>>

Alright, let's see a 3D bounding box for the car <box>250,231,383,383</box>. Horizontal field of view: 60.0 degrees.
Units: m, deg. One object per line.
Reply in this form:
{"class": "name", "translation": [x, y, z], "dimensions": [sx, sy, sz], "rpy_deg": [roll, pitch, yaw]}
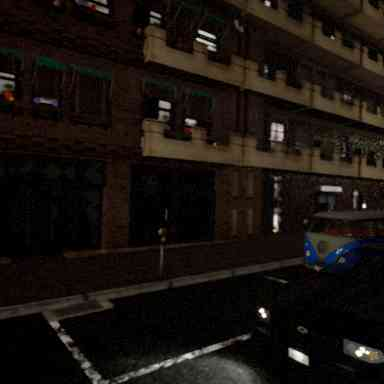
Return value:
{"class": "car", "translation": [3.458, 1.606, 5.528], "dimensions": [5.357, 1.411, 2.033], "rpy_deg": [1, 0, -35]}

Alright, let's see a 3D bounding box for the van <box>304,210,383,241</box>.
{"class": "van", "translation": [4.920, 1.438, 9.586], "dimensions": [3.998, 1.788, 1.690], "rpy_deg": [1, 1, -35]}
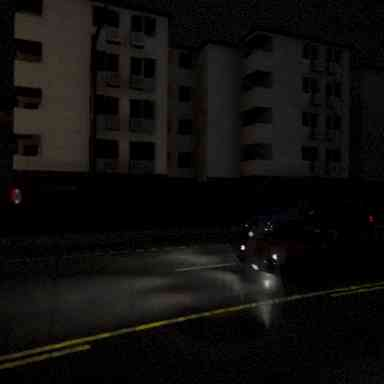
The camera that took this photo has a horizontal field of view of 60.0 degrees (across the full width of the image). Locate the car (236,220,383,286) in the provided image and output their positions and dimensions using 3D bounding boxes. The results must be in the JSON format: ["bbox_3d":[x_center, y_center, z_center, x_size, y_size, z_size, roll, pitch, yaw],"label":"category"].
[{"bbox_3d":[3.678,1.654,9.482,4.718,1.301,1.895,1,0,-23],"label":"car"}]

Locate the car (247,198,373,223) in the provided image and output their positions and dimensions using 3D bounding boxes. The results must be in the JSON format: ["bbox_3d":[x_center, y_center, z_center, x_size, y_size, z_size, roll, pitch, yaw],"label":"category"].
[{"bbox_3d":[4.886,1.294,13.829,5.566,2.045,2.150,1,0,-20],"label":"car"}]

<<
>>

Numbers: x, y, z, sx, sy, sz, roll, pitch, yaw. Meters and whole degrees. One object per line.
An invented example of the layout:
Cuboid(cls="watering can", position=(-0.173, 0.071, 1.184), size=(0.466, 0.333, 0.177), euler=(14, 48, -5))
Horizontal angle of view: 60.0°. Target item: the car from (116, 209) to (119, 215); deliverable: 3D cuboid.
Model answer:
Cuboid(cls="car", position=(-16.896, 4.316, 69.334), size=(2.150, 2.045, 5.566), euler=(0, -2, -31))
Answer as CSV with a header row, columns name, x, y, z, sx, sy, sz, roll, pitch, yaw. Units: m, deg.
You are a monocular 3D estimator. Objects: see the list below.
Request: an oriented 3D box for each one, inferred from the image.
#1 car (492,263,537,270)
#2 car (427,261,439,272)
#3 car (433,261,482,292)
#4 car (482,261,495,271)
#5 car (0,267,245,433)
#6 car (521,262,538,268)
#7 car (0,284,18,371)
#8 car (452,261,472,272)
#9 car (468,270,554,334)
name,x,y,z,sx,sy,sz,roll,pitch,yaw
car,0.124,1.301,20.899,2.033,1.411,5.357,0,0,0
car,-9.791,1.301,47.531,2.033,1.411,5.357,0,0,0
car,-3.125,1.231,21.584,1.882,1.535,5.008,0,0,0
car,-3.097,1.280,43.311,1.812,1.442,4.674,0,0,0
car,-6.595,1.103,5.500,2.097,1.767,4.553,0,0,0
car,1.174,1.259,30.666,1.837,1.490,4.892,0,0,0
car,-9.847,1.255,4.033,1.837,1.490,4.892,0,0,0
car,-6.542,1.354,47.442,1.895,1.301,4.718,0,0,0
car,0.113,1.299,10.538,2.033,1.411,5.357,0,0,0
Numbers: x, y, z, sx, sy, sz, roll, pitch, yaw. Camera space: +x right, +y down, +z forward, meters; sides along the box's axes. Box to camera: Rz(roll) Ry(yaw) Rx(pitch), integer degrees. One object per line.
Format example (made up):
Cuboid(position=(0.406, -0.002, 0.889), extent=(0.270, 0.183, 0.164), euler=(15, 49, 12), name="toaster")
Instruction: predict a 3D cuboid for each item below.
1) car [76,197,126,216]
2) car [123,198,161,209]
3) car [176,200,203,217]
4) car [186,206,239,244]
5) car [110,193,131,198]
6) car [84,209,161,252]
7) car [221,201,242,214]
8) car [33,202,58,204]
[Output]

<<

■ EXERCISE DIRECTIONS ■
When you reach the line containing "euler=(14, 48, -5))" in the data above, start copying exactly, and stop after the line containing "#8 car (452,261,472,272)".

■ EXERCISE ANSWER ■
Cuboid(cls="watering can", position=(-0.173, 0.071, 1.184), size=(0.466, 0.333, 0.177), euler=(14, 48, -5))
Horizontal angle of view: 60.0°. Target item: the car from (116, 209) to (119, 215); deliverable: 3D cuboid.
Model answer:
Cuboid(cls="car", position=(-16.896, 4.316, 69.334), size=(2.150, 2.045, 5.566), euler=(0, -2, -31))
Answer as CSV with a header row, columns name, x, y, z, sx, sy, sz, roll, pitch, yaw. Units: m, deg.
You are a monocular 3D estimator. Objects: see the list below.
Request: an oriented 3D box for each one, inferred from the image.
#1 car (492,263,537,270)
#2 car (427,261,439,272)
#3 car (433,261,482,292)
#4 car (482,261,495,271)
#5 car (0,267,245,433)
#6 car (521,262,538,268)
#7 car (0,284,18,371)
#8 car (452,261,472,272)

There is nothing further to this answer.